OpenCSV infinte loop when line has missing quote


I am reading in very large (millions of rows) CSV files that come from a remote source which I have no control over. I am using OpenCSV which is working great, until today. Today's file has a single bad line in it that looks something like

col1,col2,col3,"col4, ""stuff"" and yeah, \", col5, col6, col7...\r\n

The extra \ on the end is breaking OpenCsv so that readNext never returns. I suspect it is seeing that as an escaped quote, and there by the quoted field is not closed. If i remove the \ all is good. Put it back, it breaks again.

Since readNext never returns I do not have a good way to capture the error an intercept it.

My guess is that it is trying to load the entire rest of the file (100s of thousands of rows) in to col4 and choking.

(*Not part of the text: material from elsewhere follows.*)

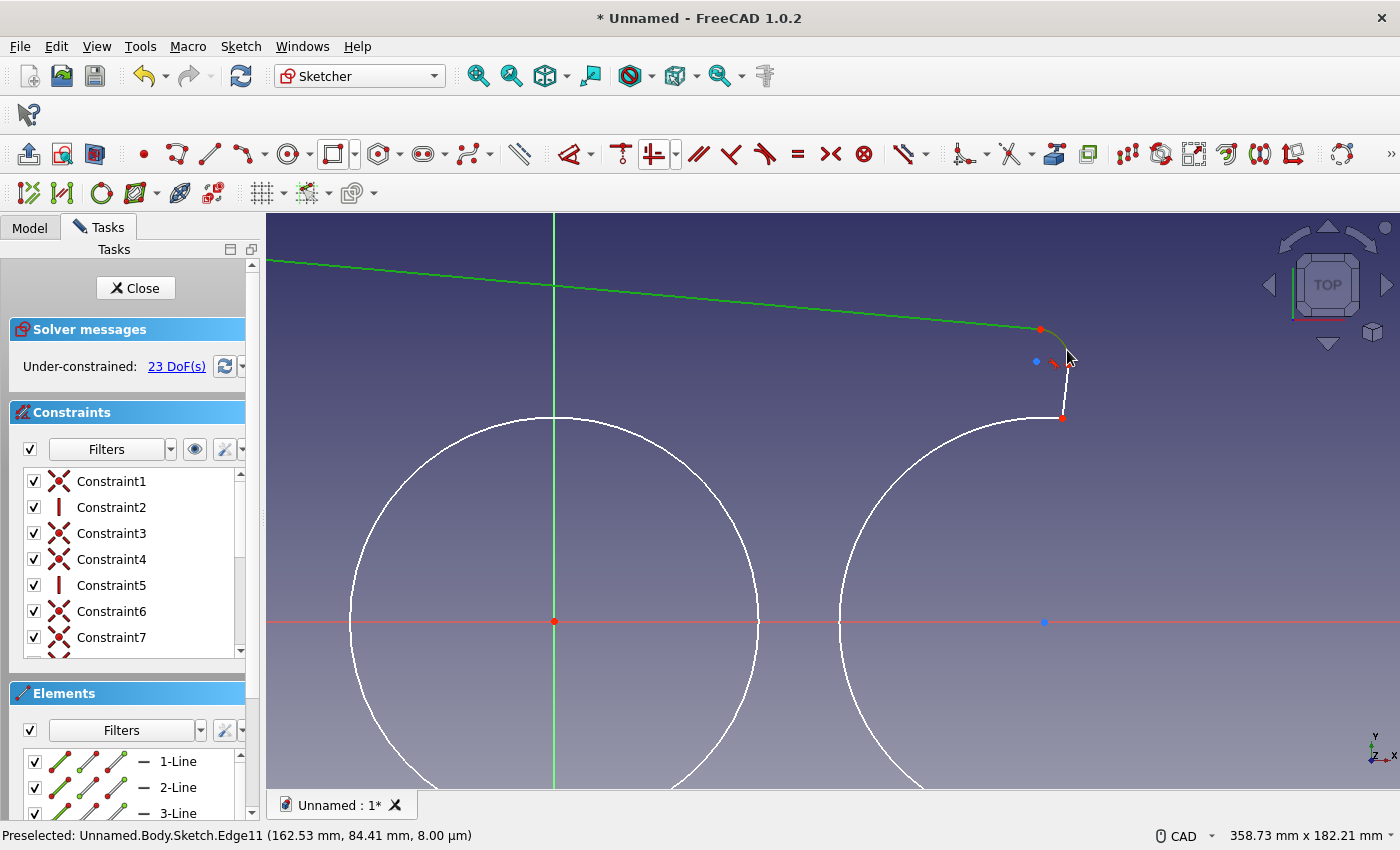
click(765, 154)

What I would prefer is an error that I can catch, report, and move on to the next line in the file. Any idea how I can accomplish this?


Solution

  • OK - I figured out a way. Originally I was using:

    reader = new CSVReader(new FileReader(this.fullFileName), ',','"', 1);
    

    Then had a loop like so:

    while ((csvLine = reader.readNext()) != null) {
    ..do stuff..
    }
    

    That call to readNext() never returns when it hits that bad record. So there is no way to catch it. Changing the code to use CVSParser instead:

    fileLines = Files.readAllLines(new File(this.fullFileName).toPath(), Charset.forName("UTF-8"));
    CSVParser csvParser = new CSVParser(delimChar,quoteChar);
        for (String nextLine : fileLines) {
            try {
                csvLine = csvParser.parseLine(nextLine);
                ...do stuff...
            } catch (Exception ex) {
                ...report bad record and stuff..  
            }
        }
    

    Now, when that record is hit, CSVParser will throw an exception, which I can catch and do stuff with.

    The primary drawback to this is that multi-line records will not work, but in my use case that is not a problem. I do not know a solution for multi-line records.